SOURCE DATA Block Start

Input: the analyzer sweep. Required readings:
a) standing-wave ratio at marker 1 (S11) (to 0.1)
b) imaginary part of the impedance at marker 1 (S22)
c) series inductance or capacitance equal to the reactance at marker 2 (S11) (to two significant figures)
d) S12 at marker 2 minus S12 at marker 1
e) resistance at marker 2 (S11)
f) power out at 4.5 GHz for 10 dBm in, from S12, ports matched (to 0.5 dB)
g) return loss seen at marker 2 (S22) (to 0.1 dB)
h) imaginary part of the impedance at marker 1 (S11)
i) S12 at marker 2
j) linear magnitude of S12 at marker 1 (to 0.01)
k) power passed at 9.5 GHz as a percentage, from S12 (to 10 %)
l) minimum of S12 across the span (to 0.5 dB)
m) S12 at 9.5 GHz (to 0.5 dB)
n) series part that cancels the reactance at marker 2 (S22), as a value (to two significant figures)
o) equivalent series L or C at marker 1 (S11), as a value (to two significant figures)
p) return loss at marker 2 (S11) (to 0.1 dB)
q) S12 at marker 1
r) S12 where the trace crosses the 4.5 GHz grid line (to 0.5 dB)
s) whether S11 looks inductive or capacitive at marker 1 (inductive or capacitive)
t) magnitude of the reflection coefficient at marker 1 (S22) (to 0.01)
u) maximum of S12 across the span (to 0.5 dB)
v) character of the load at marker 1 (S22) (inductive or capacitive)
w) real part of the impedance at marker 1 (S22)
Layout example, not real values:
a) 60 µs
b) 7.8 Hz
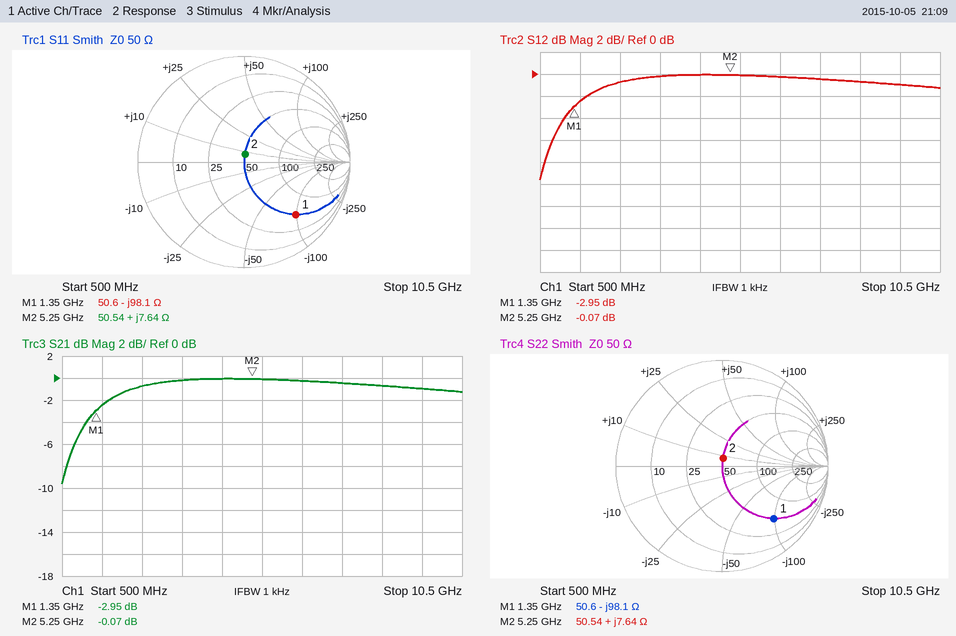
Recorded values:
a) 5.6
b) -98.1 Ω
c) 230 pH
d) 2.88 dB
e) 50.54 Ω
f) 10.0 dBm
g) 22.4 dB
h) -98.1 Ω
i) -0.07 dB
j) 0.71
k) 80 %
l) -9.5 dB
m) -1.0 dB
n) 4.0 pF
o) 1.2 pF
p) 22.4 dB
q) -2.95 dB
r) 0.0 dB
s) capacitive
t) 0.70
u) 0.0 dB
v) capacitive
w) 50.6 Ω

SOURCE DATA Block End
SOURCE DATA Block Start

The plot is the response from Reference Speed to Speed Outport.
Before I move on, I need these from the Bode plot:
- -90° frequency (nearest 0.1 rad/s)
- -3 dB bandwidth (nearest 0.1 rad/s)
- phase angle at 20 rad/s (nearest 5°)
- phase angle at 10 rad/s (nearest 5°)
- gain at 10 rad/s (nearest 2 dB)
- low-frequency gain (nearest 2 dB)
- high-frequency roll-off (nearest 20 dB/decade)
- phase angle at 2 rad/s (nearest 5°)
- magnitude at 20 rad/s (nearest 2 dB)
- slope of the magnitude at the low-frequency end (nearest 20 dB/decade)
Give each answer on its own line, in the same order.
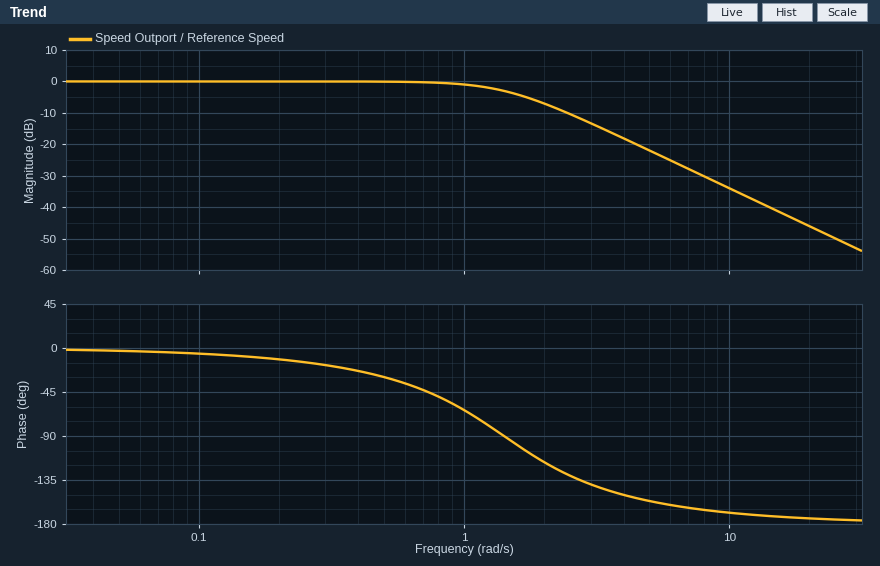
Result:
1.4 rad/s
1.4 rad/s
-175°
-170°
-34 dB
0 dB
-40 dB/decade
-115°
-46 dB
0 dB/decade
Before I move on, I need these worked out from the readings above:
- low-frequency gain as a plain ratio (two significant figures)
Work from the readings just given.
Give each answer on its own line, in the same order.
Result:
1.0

SOURCE DATA Block End

■ **ABOUT THIS EXERCISE**
Only the lines above from the one with "p) return loss at marker 2 (S11) (to 0.1 dB)" up to and including the one with "s) whether S11" should be repeated, exactly as written.

■ **RESULT FOR THIS TASK**
p) return loss at marker 2 (S11) (to 0.1 dB)
q) S12 at marker 1
r) S12 where the trace crosses the 4.5 GHz grid line (to 0.5 dB)
s) whether S11 looks inductive or capacitive at marker 1 (inductive or capacitive)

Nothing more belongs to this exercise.